Comme toute crise, la pandémie de la Covid-19 crée de nombreux défis pour les dirigeants et les administrateurs de sociétés. Les membres du conseil d’administration et les directeurs généraux doivent désormais prendre des décisions clés avec célérité – la pandémie étant inédite et évolutive –, tout en étant soumis à une pression importante aux fins de réussir, et ayant souvent à faire face à des difficultés d’approvisionnement auprès de certains de leurs fournisseurs et à une baisse de la demande pour leurs propres produits. En outre, la direction générale doit être en mesure de réagir aux consignes sanitaires, y compris d’éventuelles obligations de télétravail, d’horaires décalés, voire de confinement, induisant que les sociétés peuvent ne plus être en mesure d’avoir pleinement recours à leur main d’œuvre, y compris en cas d’augmentation d’arrêts maladie liés à la pandémie. Les difficultés sont nombreuses !

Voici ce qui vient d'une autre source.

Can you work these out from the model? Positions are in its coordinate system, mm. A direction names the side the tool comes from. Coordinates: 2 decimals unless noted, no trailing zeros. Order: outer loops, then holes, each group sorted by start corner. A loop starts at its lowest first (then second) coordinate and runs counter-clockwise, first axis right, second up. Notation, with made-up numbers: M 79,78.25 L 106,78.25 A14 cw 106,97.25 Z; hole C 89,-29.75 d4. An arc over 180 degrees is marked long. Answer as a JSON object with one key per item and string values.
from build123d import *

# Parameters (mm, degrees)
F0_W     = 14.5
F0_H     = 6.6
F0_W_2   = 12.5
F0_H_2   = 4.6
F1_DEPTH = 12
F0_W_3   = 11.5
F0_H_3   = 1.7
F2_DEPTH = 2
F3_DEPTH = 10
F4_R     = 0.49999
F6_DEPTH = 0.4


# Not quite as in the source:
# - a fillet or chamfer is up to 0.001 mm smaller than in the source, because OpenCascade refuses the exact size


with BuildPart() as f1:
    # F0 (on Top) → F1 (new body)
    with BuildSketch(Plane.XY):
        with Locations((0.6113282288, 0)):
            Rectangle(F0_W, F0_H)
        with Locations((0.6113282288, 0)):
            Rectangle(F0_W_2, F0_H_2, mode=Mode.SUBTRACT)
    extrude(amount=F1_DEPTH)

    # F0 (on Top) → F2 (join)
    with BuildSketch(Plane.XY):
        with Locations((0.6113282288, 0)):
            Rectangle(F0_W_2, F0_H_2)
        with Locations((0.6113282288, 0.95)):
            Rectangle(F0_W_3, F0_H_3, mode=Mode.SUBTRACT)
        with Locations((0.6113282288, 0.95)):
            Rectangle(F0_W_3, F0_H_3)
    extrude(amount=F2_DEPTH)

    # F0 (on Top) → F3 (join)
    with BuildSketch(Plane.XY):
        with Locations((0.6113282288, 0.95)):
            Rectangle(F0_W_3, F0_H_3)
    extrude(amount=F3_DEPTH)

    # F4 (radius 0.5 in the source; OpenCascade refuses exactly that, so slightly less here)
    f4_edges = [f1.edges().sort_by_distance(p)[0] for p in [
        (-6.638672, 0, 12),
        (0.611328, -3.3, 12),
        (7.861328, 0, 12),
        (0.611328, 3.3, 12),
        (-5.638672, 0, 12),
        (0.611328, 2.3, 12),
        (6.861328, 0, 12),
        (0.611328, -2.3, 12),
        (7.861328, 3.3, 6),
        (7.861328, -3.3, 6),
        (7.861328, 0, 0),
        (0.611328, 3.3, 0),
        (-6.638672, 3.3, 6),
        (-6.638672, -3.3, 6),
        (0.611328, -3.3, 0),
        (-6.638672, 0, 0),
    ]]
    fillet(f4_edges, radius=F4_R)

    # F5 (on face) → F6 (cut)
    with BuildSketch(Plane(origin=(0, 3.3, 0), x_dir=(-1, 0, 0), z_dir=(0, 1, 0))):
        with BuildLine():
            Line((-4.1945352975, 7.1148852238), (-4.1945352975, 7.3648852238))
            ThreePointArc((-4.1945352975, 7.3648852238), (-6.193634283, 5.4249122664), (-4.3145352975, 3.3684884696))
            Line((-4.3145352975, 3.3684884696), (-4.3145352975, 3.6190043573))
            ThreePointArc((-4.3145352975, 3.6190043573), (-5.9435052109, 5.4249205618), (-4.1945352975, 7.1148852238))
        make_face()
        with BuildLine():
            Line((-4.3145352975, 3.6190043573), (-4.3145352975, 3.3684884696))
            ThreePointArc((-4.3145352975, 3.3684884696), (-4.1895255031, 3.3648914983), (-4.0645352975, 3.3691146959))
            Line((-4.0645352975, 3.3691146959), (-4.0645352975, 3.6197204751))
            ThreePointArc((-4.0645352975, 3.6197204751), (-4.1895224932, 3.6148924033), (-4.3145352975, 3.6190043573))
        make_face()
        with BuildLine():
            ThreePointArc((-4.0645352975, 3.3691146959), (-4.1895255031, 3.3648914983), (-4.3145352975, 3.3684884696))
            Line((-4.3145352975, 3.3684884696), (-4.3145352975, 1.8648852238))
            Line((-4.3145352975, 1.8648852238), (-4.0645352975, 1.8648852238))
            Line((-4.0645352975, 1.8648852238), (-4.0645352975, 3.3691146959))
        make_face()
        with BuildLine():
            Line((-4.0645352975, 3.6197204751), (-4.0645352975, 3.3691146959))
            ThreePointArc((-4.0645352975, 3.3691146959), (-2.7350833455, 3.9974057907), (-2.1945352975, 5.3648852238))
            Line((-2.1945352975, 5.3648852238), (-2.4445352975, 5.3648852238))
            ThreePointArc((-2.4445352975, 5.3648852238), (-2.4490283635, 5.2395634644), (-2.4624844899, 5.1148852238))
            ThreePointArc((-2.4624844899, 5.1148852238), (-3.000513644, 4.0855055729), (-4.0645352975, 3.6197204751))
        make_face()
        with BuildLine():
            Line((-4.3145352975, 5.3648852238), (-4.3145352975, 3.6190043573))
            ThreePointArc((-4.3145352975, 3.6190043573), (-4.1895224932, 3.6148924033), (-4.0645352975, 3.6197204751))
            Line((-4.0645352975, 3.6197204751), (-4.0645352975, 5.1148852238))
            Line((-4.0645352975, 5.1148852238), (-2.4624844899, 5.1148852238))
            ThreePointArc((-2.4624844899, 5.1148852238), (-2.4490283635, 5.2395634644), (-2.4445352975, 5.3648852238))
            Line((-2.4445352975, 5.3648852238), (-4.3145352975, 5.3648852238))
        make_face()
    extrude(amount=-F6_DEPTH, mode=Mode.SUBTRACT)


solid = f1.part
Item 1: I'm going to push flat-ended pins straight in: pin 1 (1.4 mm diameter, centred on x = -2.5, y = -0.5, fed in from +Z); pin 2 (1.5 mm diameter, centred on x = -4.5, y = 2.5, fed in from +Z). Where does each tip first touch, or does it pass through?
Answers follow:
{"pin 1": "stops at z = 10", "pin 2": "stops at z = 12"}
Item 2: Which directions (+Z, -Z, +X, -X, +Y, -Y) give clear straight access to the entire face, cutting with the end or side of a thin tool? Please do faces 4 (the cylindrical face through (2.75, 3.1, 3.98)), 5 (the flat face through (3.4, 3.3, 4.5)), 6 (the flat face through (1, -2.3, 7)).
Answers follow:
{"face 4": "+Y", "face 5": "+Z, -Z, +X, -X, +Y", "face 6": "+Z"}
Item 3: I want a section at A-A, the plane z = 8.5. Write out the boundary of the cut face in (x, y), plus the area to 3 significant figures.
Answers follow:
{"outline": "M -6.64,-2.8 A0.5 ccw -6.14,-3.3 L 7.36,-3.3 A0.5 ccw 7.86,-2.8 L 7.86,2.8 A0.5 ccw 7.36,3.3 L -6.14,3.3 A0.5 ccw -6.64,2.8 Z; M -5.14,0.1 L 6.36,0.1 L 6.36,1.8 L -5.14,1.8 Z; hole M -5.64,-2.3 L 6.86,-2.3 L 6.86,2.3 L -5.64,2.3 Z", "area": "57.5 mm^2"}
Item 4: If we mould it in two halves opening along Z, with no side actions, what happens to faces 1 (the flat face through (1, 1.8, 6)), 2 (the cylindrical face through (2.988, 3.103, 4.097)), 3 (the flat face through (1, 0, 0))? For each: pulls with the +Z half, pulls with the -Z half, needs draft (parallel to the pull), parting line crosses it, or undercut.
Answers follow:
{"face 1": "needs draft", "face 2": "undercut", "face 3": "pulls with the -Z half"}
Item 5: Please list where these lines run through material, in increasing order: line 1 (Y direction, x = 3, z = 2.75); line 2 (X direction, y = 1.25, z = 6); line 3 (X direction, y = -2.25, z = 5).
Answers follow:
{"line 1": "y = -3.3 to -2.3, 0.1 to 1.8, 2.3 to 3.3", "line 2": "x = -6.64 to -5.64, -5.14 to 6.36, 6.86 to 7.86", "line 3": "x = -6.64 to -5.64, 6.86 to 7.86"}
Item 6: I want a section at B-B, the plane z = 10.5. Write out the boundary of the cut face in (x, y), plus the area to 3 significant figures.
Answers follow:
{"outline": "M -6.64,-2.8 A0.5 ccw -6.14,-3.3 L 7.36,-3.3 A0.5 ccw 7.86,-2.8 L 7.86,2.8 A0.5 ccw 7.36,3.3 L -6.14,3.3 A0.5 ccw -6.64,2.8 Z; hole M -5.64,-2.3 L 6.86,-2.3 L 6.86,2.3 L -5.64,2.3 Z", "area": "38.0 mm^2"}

Une fois la pandémie terminée, les mandataires sociaux risquent d’être confrontés à l’appréciation de la manière dont ils auront relevé ces défis ; c’est alors que des critiques pourraient être émises. L’expérience montre que de nombreuses décisions prises pendant une crise sont remises en question peu après la fin de celle-ci, à l’aune du temps additionnel offert pour la réflexion et en connaissant les conséquences des décisions prises, autrement dit d’être dans une posture de constat et non pas dans une logique prospective. En conséquence, les mandataires sociaux peuvent être amenés à devoir justifier leurs décisions.

Les mandataires sociaux risquent d’être confrontés à l’appréciation de la manière dont ils auront relevé les défis auxquels leurs sociétés font face

Le cadre juridique général applicable aux décisions des mandataires sociaux s’applique également à celles prises pendant une crise, et leurs obligations de prudence et de diligence demeurent, ce qui amène à s’interroger sur les moyens par lesquels les mandataires sociaux peuvent se protéger contre d’éventuelles contestations. 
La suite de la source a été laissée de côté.